Twisted Fables 1B – Process and Final

PROCESS

I used digital compositing and manipulating to combined all the images together. The images I used are captured from camera and then put together with photoshop to create the composite.

I borrowed the hands of my friends and screenshots from the app to create the images. In case you’re wondering, yes, the guy in the shirts is me.

FINAL OUTCOME

I built on my previous assignment concept of the fable of Wolf In Sheep and introduced colors into the frame.

These two comic panel tells the story of a wolf who lures unsuspecting sheep with this Herdr profile of a charming young and sweet sheep. Once he agrees to meet them, he lures them into a romantic candle lit dinner where he attacks and then dines on his unsuspecting victims.

The first frame is a developed concept from the previous assignment. This frame tells the story of an innocent viewer looking at what seems to be a nice young sheep. However, glitching out – it features the true identity of a malicious wolf.

It features a lot more mise-en-scene than the previous (as per feedback)

1.
 White Shirt – Represents purity and innocence. Also matches the pelt/wool of the sheep.  A shirt is a lot more formal, proper and smarter than a tee shirt.
2. Red Flowers – Juxtaposes against the white shirt, represents love and romance.

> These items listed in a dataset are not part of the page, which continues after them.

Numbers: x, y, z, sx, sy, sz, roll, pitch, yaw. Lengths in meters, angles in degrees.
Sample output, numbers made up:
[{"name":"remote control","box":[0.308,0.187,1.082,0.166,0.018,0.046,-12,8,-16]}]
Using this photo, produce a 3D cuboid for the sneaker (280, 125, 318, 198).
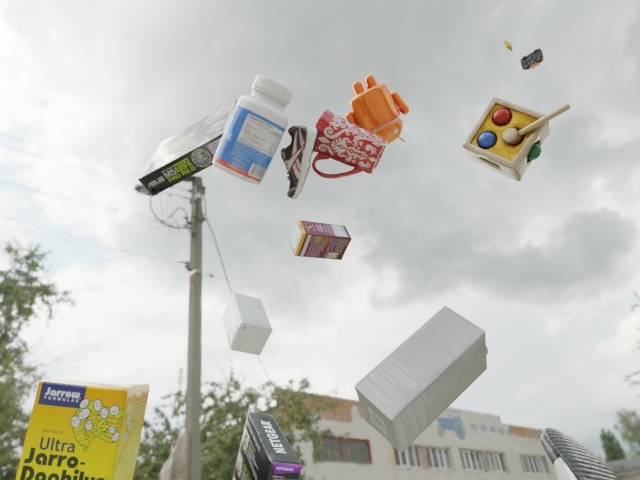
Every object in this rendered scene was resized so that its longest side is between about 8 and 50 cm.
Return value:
[{"name":"sneaker","box":[-0.060,-0.190,1.136,0.077,0.072,0.178,16,-70,0]}]

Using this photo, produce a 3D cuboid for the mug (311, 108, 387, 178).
[{"name":"mug","box":[0.064,-0.223,1.197,0.169,0.113,0.150,25,-66,7]}]

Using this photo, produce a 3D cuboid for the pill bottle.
[{"name":"pill bottle","box":[-0.146,-0.247,1.079,0.124,0.124,0.222,21,-83,-36]}]

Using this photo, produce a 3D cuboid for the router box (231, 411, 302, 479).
[{"name":"router box","box":[-0.083,0.341,0.682,0.046,0.133,0.179,14,-3,-18]}]

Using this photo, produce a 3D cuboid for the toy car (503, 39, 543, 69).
[{"name":"toy car","box":[0.535,-0.492,1.251,0.040,0.122,0.060,6,-38,-41]}]

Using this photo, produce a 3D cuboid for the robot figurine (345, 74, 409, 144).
[{"name":"robot figurine","box":[0.168,-0.374,1.425,0.158,0.220,0.128,-31,9,-39]}]

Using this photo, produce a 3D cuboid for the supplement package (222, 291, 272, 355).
[{"name":"supplement package","box":[-0.237,0.264,1.538,0.105,0.179,0.105,19,-72,-27]}]

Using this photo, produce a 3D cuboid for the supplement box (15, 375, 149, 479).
[{"name":"supplement box","box":[-0.537,0.502,1.086,0.194,0.357,0.195,7,-14,-4]}]

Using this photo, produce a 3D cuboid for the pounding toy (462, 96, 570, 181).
[{"name":"pounding toy","box":[0.360,-0.195,0.887,0.130,0.141,0.100,-58,-32,3]}]

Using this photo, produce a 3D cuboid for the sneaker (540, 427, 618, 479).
[{"name":"sneaker","box":[0.419,0.452,0.742,0.122,0.331,0.146,22,-66,-20]}]

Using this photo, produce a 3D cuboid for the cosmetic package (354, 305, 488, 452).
[{"name":"cosmetic package","box":[0.187,0.244,0.865,0.238,0.107,0.127,-36,-47,-23]}]

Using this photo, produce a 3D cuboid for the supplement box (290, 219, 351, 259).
[{"name":"supplement box","box":[0.000,0.000,1.703,0.188,0.081,0.104,6,-54,-24]}]

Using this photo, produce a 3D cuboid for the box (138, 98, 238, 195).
[{"name":"box","box":[-0.326,-0.246,1.258,0.270,0.216,0.060,-24,-56,16]}]
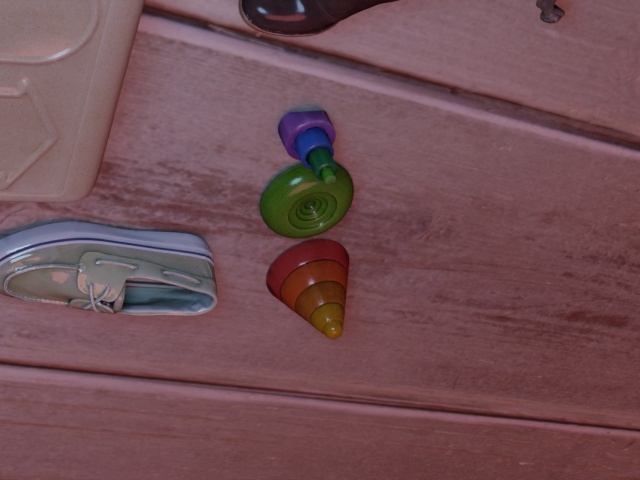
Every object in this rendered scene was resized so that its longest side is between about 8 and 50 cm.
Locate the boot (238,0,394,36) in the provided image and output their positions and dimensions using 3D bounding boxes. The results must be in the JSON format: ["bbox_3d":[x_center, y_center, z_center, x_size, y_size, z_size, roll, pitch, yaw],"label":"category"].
[{"bbox_3d":[0.044,-0.291,1.482,0.248,0.090,0.207,-15,176,-13],"label":"boot"}]

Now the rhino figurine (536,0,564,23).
[{"bbox_3d":[0.346,-0.358,1.652,0.243,0.073,0.106,-31,142,4],"label":"rhino figurine"}]

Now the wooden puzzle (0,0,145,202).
[{"bbox_3d":[-0.352,-0.177,1.359,0.347,0.080,0.322,-3,134,-29],"label":"wooden puzzle"}]

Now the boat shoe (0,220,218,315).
[{"bbox_3d":[-0.266,0.043,1.760,0.302,0.094,0.109,-2,135,-25],"label":"boat shoe"}]

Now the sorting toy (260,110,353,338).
[{"bbox_3d":[0.000,0.000,1.824,0.127,0.126,0.366,-14,139,-12],"label":"sorting toy"}]
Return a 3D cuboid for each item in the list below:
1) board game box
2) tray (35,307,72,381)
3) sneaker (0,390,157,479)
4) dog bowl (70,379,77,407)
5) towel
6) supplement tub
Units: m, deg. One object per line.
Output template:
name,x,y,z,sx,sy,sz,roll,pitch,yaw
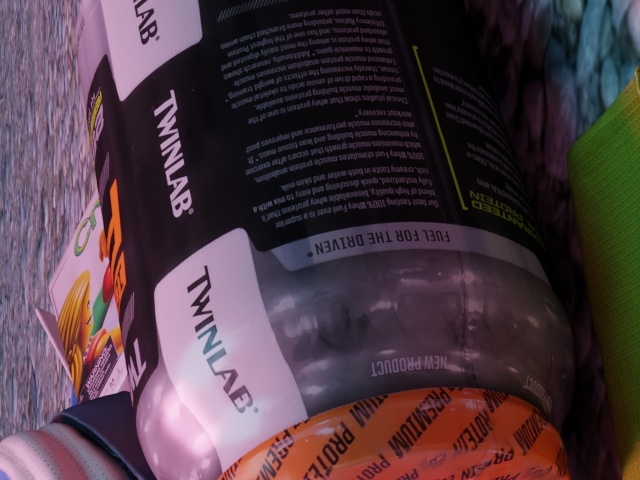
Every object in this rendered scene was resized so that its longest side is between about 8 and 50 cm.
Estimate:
board game box,-0.079,-0.037,1.164,0.305,0.053,0.193,-61,27,20
tray,-0.156,0.179,1.523,0.270,0.030,0.145,56,172,36
sneaker,-0.081,0.101,0.981,0.323,0.236,0.130,-99,13,-58
dog bowl,-0.101,0.081,1.311,0.297,0.074,0.166,160,117,-63
towel,0.129,0.059,0.695,0.102,0.021,0.237,128,138,-65
supplement tub,0.000,0.000,0.826,0.193,0.193,0.316,108,155,-49
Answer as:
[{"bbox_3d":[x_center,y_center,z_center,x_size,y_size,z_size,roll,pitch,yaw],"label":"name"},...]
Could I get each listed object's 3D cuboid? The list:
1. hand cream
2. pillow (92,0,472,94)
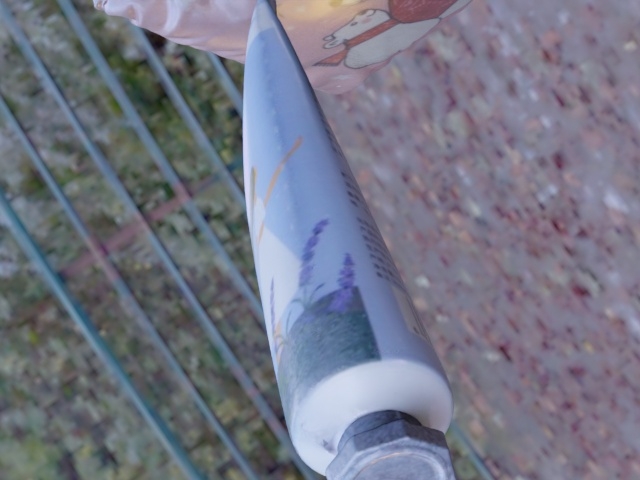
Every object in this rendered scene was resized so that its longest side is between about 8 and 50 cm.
[{"bbox_3d":[0.000,0.000,0.558,0.256,0.055,0.088,-106,11,-50],"label":"hand cream"},{"bbox_3d":[0.029,-0.156,0.751,0.236,0.223,0.084,-32,72,29],"label":"pillow"}]
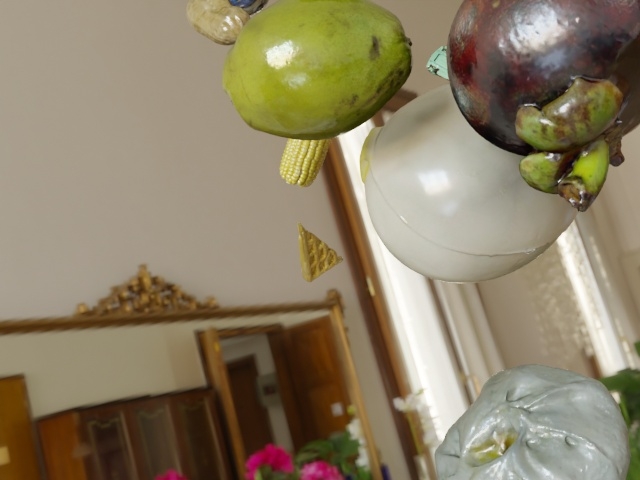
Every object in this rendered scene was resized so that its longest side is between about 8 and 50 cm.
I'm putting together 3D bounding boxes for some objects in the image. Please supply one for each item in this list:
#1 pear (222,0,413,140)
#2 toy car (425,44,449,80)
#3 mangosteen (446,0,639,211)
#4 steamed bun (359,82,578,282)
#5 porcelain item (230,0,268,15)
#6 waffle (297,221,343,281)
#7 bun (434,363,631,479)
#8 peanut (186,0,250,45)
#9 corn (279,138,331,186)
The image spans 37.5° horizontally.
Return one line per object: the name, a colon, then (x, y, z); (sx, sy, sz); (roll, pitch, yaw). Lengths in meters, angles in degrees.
pear: (-0.005, -0.243, 1.314); (0.269, 0.212, 0.212); (-17, -12, 9)
toy car: (0.255, -0.319, 1.765); (0.059, 0.122, 0.035); (-53, -26, -2)
mangosteen: (0.333, -0.222, 1.246); (0.306, 0.359, 0.306); (-16, -31, -10)
steamed bun: (0.249, -0.099, 1.537); (0.374, 0.334, 0.334); (-22, -6, -34)
porcelain item: (-0.207, -0.618, 2.288); (0.186, 0.288, 0.138); (-34, -56, 14)
waffle: (0.000, 0.000, 2.192); (0.125, 0.032, 0.191); (-30, -42, -27)
bun: (0.334, 0.352, 1.566); (0.354, 0.354, 0.194); (-24, -51, 35)
peanut: (-0.224, -0.488, 2.066); (0.095, 0.226, 0.108); (-26, -50, -22)
corn: (-0.020, -0.240, 2.114); (0.093, 0.244, 0.093); (19, 10, -4)
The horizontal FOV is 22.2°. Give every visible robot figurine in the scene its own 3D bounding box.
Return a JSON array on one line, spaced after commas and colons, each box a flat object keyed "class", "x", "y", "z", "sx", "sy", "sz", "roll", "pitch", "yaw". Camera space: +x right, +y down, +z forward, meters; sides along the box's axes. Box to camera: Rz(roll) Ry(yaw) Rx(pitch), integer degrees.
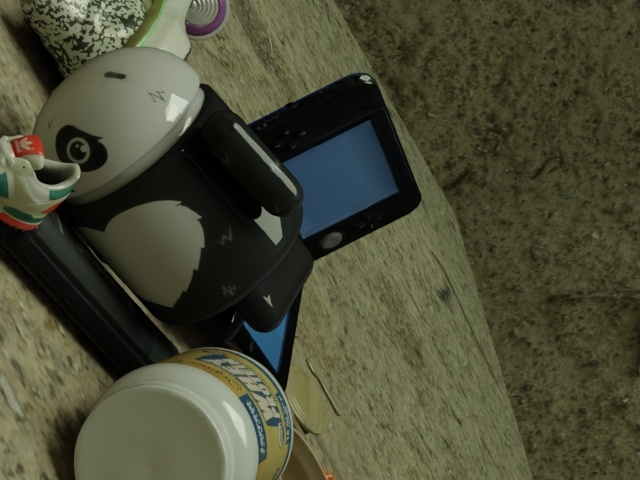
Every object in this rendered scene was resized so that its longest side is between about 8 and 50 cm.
[{"class": "robot figurine", "x": -0.128, "y": -0.037, "z": 1.422, "sx": 0.278, "sy": 0.209, "sz": 0.173, "roll": 51, "pitch": 9, "yaw": -24}]

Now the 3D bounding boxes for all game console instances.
[{"class": "game console", "x": 0.000, "y": 0.000, "z": 1.746, "sx": 0.173, "sy": 0.250, "sz": 0.293, "roll": 64, "pitch": 1, "yaw": 29}]

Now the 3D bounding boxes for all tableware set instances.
[{"class": "tableware set", "x": -0.055, "y": 0.144, "z": 1.900, "sx": 0.194, "sy": 0.039, "sz": 0.128, "roll": 61, "pitch": 23, "yaw": 1}]

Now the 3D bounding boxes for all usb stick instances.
[{"class": "usb stick", "x": -0.196, "y": 0.049, "z": 1.411, "sx": 0.278, "sy": 0.045, "sz": 0.077, "roll": 55, "pitch": 15, "yaw": -45}]

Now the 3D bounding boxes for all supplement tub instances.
[{"class": "supplement tub", "x": -0.109, "y": 0.166, "z": 1.326, "sx": 0.200, "sy": 0.144, "sz": 0.144, "roll": -11, "pitch": 78, "yaw": -79}]

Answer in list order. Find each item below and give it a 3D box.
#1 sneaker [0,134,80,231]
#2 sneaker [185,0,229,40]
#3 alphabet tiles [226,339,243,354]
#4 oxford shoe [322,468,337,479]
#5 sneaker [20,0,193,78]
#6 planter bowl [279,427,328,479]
[{"class": "sneaker", "x": -0.252, "y": -0.064, "z": 1.232, "sx": 0.161, "sy": 0.075, "sz": 0.057, "roll": 28, "pitch": 36, "yaw": -44}, {"class": "sneaker", "x": -0.231, "y": -0.382, "z": 2.031, "sx": 0.305, "sy": 0.114, "sz": 0.152, "roll": 61, "pitch": -11, "yaw": -15}, {"class": "alphabet tiles", "x": -0.120, "y": 0.024, "z": 1.822, "sx": 0.198, "sy": 0.009, "sz": 0.237, "roll": 46, "pitch": 22, "yaw": -36}, {"class": "oxford shoe", "x": 0.015, "y": 0.390, "z": 1.620, "sx": 0.132, "sy": 0.130, "sz": 0.363, "roll": 105, "pitch": -32, "yaw": -50}, {"class": "sneaker", "x": -0.230, "y": -0.282, "z": 1.700, "sx": 0.182, "sy": 0.158, "sz": 0.410, "roll": 49, "pitch": 15, "yaw": -27}, {"class": "planter bowl", "x": -0.053, "y": 0.262, "z": 1.488, "sx": 0.162, "sy": 0.109, "sz": 0.162, "roll": -24, "pitch": 90, "yaw": -79}]

Which is what Herdr (the animal version of Tinder) represents.
3. Sheep – Represents innocence and naïveté.
4. Wolf – Represents malevolence and juxtaposes the innocence of the sheep.
5. Red Shirt, Knife and Blood Stains – Emphasizes the underlying violence and death.

This panel shows viewer and the wolf over a candle-lit dinner. The viewer sees an empty plate, but the dimly lit situation seems a little eerie. Oh, is that blood stains or ketchup on his shirt? Hmm. 

It features the following mise-en-scene elements.
1. Red Shirt – Emphasizes violence and adds an uneasy vibes of malevolence. The similar red shirt from the previous panel lets the viewer draw the connection that this is the character we thought we saw.
2. Heavy vignetting – Builds an uneasy feeling as the viewer is forced to draw everything from what little he/she can see.
3. Wolf head – Emphasizes the person sinister character.
4. Empty plate – It adds a sense of uneasiness to the frame, there is a dinner plate, but why is it empty? Maybe because the viewer is what’s for dinner?

Reflection

This is was quite a fun project, I took most of the elements from photographs I had and snapped pictures of things from around the house. Overall I liked how it turned out!